Dans les années 60, des hommes profondément religieux prenaient appui sur leur foi pour un monde plus juste. Pensons à Marthin Luther King et son combat pour les droits des noirs aux USA, à Desmond TUTU en Afrique du sud.

Elie BAUSSART écrivait : « Notre qualité de créatures à l’image de Dieu, notre prédestination, notre rédemption par le Christ, constituent l’homme dans un état d’exceptionnelle grandeur, sans comparaison avec les autres êtres.

 La personne est un tout, une autonomie qui, comme telle, a le droit de disposer de toute la création, ordonnée à son salut, et de toutes les œuvres des hommes qui doivent s’ordonner à sa fin dernière. Ainsi en va-t-il de l’Etat et des sociétés naturelles intermédiaires que l’homme a créées ou peut créer.
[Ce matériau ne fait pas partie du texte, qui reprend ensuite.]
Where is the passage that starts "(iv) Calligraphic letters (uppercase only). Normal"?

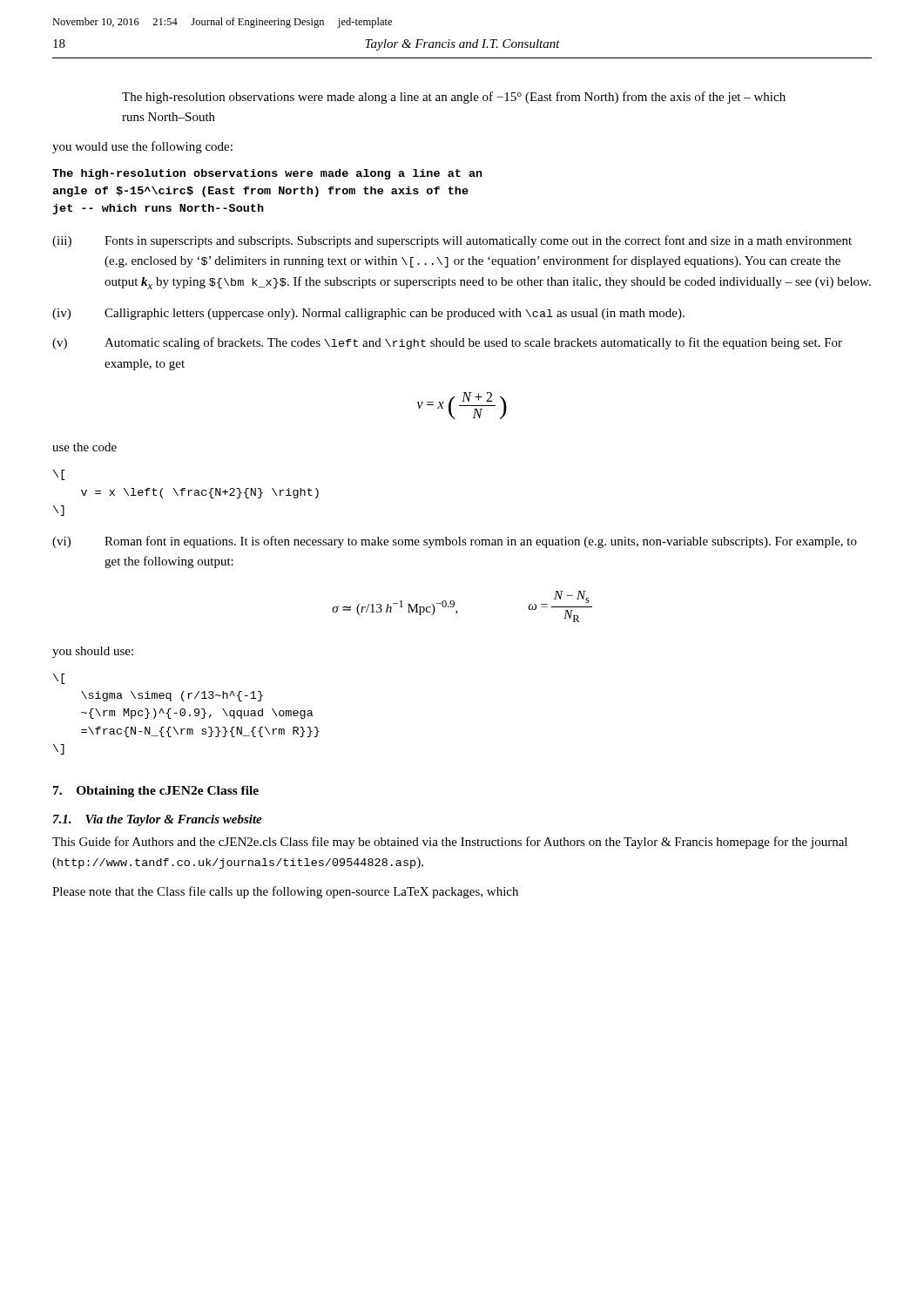click(x=462, y=314)

 Tout donc, dans l’ordre social, doit concourir, directement ou indirectement, au bien de l’homme, tant du point de vue du bien temporel, -et la liberté, notamment, est un bien temporel, – que du point de vue surnaturel. »(Essai d’initiation à la Révolution anticapitaliste, 1938).
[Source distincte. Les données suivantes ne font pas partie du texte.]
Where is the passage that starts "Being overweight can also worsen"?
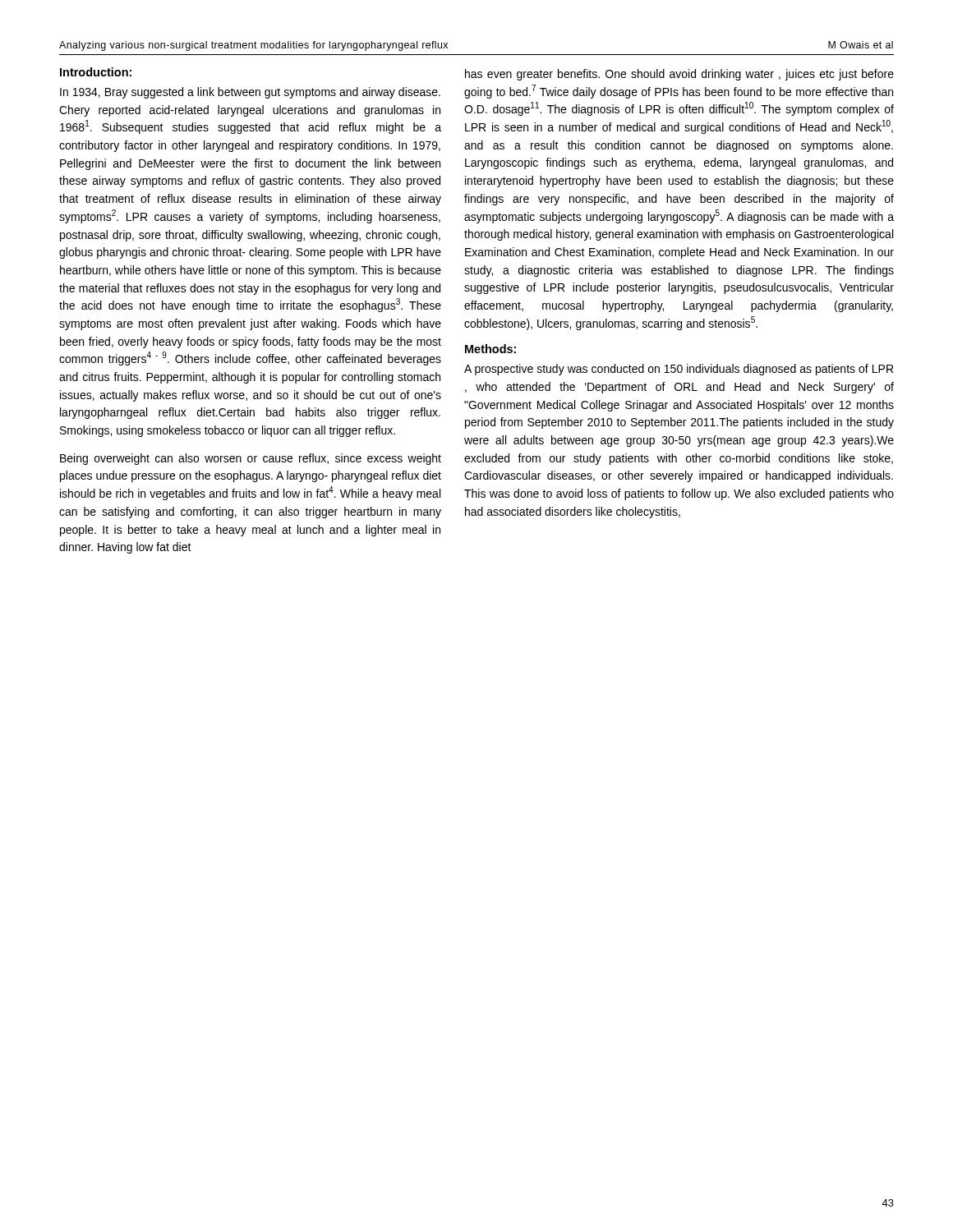 (250, 503)

Certains, aujourd’hui, mettent leur foi au service d’une radicalisation où Dieu lui-même ne s’y retrouve plus.

Et pour conclure.

Comme on peut le voir, la pensée d’Elie Baussart, ses combats que nous avons illustrés depuis la création de la Fondation en 1987, devenue ASBL en 1999, sa pensée, ses combats ont encore de beaux jours devant eux.

C’est évidemment avec regret que nous mettrons fin à l’existence de notre ASBL en décembre. Ce n’est pas par manque d’envie, mais par nécessité, notre conseil d’administration se résumant au fil des années à une peau de chagrin. Des fondateurs de 1987, il ne reste plus que Yves DE WASSEIGE actif au sein de notre ASBL. La plupart des autres sont décédés, dont Jean DORZEE le premier président. Il n’y a pas eu de relève. Mais la perpétuation de la mémoire d’Elie BAUSSART, qui était notre objectif premier, ne doit pas être entendue comme la vénération d’un personnage disparu, aussi extraordinaire fut-il dans tous les aspects de sa personnalité et de son activité humaine. Cette mémoire doit s’ancrer dans le temps présent ; elle doit être mise à l’épreuve des réalités actuelles, servir de référentiel. Elie BAUSSART était un homme de son siècle : certains aspects de son œuvre n’ont plus rien de commun avec nous, ils appartiennent au passé. D’autres, par contre, font fi des clivages temporels, et restent particulièrement interpelants pour nous en ce début de 21ème siècle. C’est cet héritage que l’ASBL a voulu mettre en avant, un héritage qui peut encore fructifier et s’enrichir des acquis de ce temps quand bien même l’ASBL disparaît. Toute la vie d’Elie BAUSSART fut d’ailleurs en perpétuelle évolution : il n’eût pas compris qu’on fige sa pensée.

Cette pensée a non seulement été reconnue sans que nous le sollicitions quand Elie BAUSSART fut élevé au rang de officier du Mérite wallon, distinction dont l’objet est de consacrer la reconnaissance des autorités wallonnes envers toute personne, physique ou morale, dont le talent ou le mérite fait honneur à la Wallonie dans une mesure exceptionnelle et contribue d’une façon significative à son rayonnement. Mais elle continue, nous en sommes convaincus, comme la graine de sénevé des Evangiles, à grandir et à élargir son champ d’action. En témoignent le nombre de visiteurs de notre site (dont beaucoup de Flamands), site qui va perdurer au-delà de la dissolution. Et donc nous vous invitons à le visiter de temps à autre sur eliebaussart.org. qui restera disponible au moins pour dix ans.

Et mettons un point final avec ce trait d’humour d’Elie BAUSSART : « Les idées sont de belles filles, saines, séduisantes » mais qui « ont couru les chemins » et qui forcément risquent de faire « de mauvaises rencontres ».

Restons donc dans cette vigilance à laquelle nous invite Elie BAUSSART. C’est sans doute la meilleure leçon que nous puissions tirer de son œuvre, de sa vie.